FIG. 3 is a graph showing characteristics of oscillation frequency-output power of the voltage controlled oscillator according to the embodiment of the present invention.

FIG. 4 is a perspective view of a dielectric resonator used in a voltage controlled oscillator according to an embodiment of the present invention.

FIG. 5 is a circuit diagram of a conventional voltage controlled oscillator.

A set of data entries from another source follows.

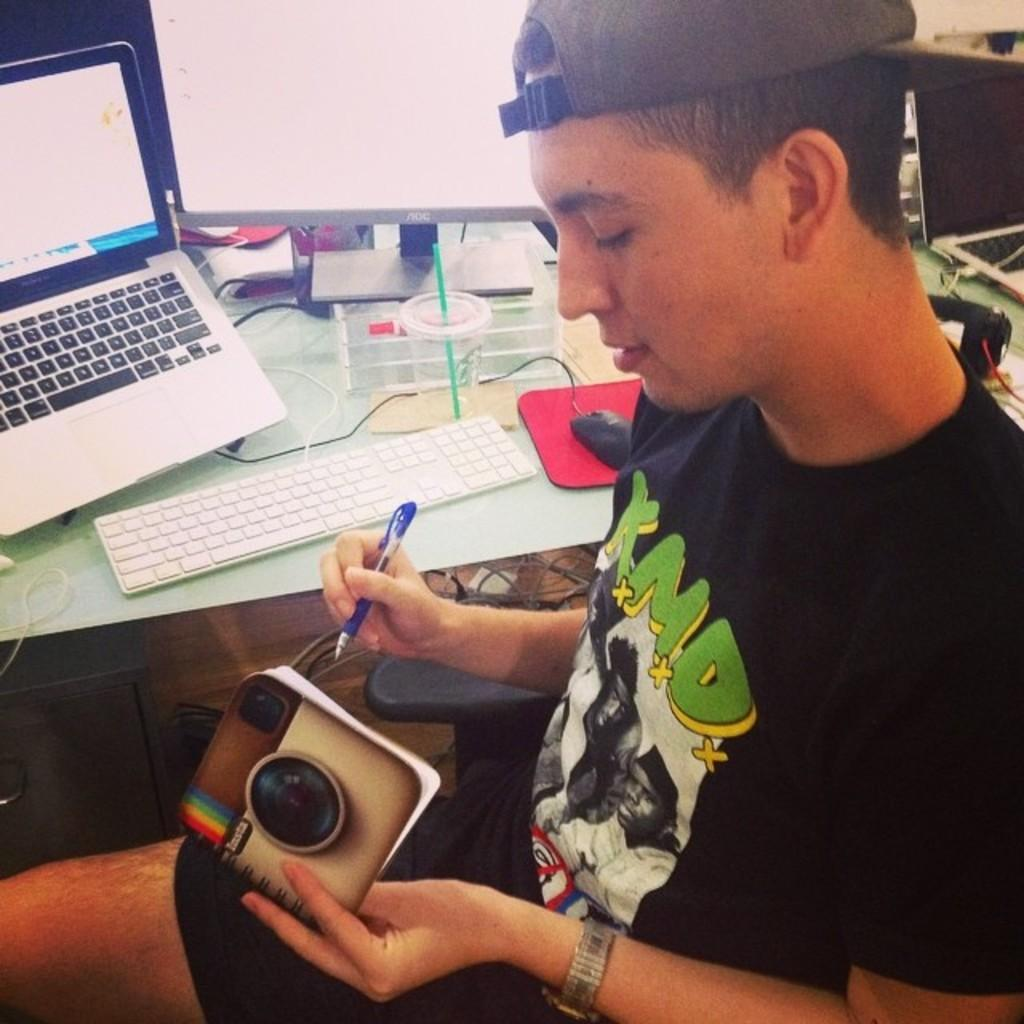Who is present in the image? There is a person in the image. What is the person holding? The person is holding a pen. Where is the person sitting? The person is sitting in front of a table. What electronic device is on the table? There is a laptop on the table. What is used for controlling the laptop? There is a mouse on the table. What is used for typing on the laptop? There is a keyboard on the table. Can you describe any other objects on the table? There are other unspecified things on the table. What type of produce is visible on the table in the image? There is no produce visible on the table in the image. Can you describe the duck that is sitting next to the person in the image? There is no duck present in the image. 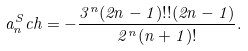Convert formula to latex. <formula><loc_0><loc_0><loc_500><loc_500>a _ { n } ^ { S } c h = - \frac { 3 ^ { n } ( 2 n - 1 ) ! ! ( 2 n - 1 ) } { 2 ^ { n } ( n + 1 ) ! } .</formula> 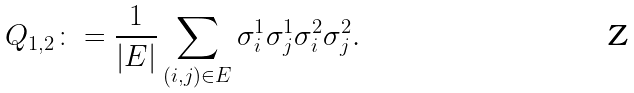Convert formula to latex. <formula><loc_0><loc_0><loc_500><loc_500>Q _ { 1 , 2 } \colon = \frac { 1 } { | E | } \sum _ { ( i , j ) \in E } \sigma _ { i } ^ { 1 } \sigma _ { j } ^ { 1 } \sigma _ { i } ^ { 2 } \sigma _ { j } ^ { 2 } .</formula> 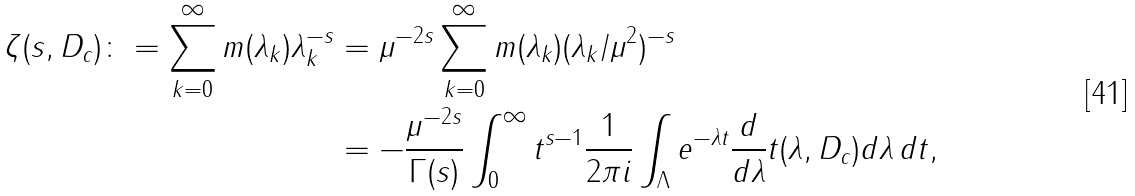Convert formula to latex. <formula><loc_0><loc_0><loc_500><loc_500>\zeta ( s , D _ { c } ) \colon = \sum _ { k = 0 } ^ { \infty } m ( \lambda _ { k } ) \lambda _ { k } ^ { - s } & = \mu ^ { - 2 s } \sum _ { k = 0 } ^ { \infty } m ( \lambda _ { k } ) ( \lambda _ { k } / \mu ^ { 2 } ) ^ { - s } \\ & = - \frac { \mu ^ { - 2 s } } { \Gamma ( s ) } \int _ { 0 } ^ { \infty } t ^ { s - 1 } \frac { 1 } { 2 \pi i } \int _ { \Lambda } e ^ { - \lambda t } \frac { d } { d \lambda } t ( \lambda , D _ { c } ) d \lambda \, d t ,</formula>

FIG. 6 is a graph showing characteristics of oscillation frequency-output power of a conventional voltage controlled oscillator.

[Explanation of symbols]

 R1 to R8 Resistances C1 to C13 Capacitors TR1 to TR3 Transistors D1 and D2 Variable capacitance diodes DR1 to DR4 Dielectric resonator L1 Inductance 1 Oscillation circuit 2 Bandpass filter 3 Output terminal 4 Power supply terminal 5 Dielectric resonator 6 Dielectric 7 Internal Conductor 8 Outer conductor 9 Terminal

Claims (2)

[Claims] 1. An oscillating circuit for controlling an oscillating frequency by applying an applied voltage with a variable capacitance diode, two or more dielectric resonators for passing an oscillating frequency twice as high as a fundamental oscillating frequency, an interstage capacitance and an input capacitor. A voltage-controlled oscillator, comprising: a bandpass filter composed of an output capacitor, wherein the bandpass filter and the oscillation circuit are joined via the input / output capacitor. 2. A voltage controlled oscillator according to claim 1, wherein a dielectric resonator having a rectangular outer shape and a circular inner diameter is used.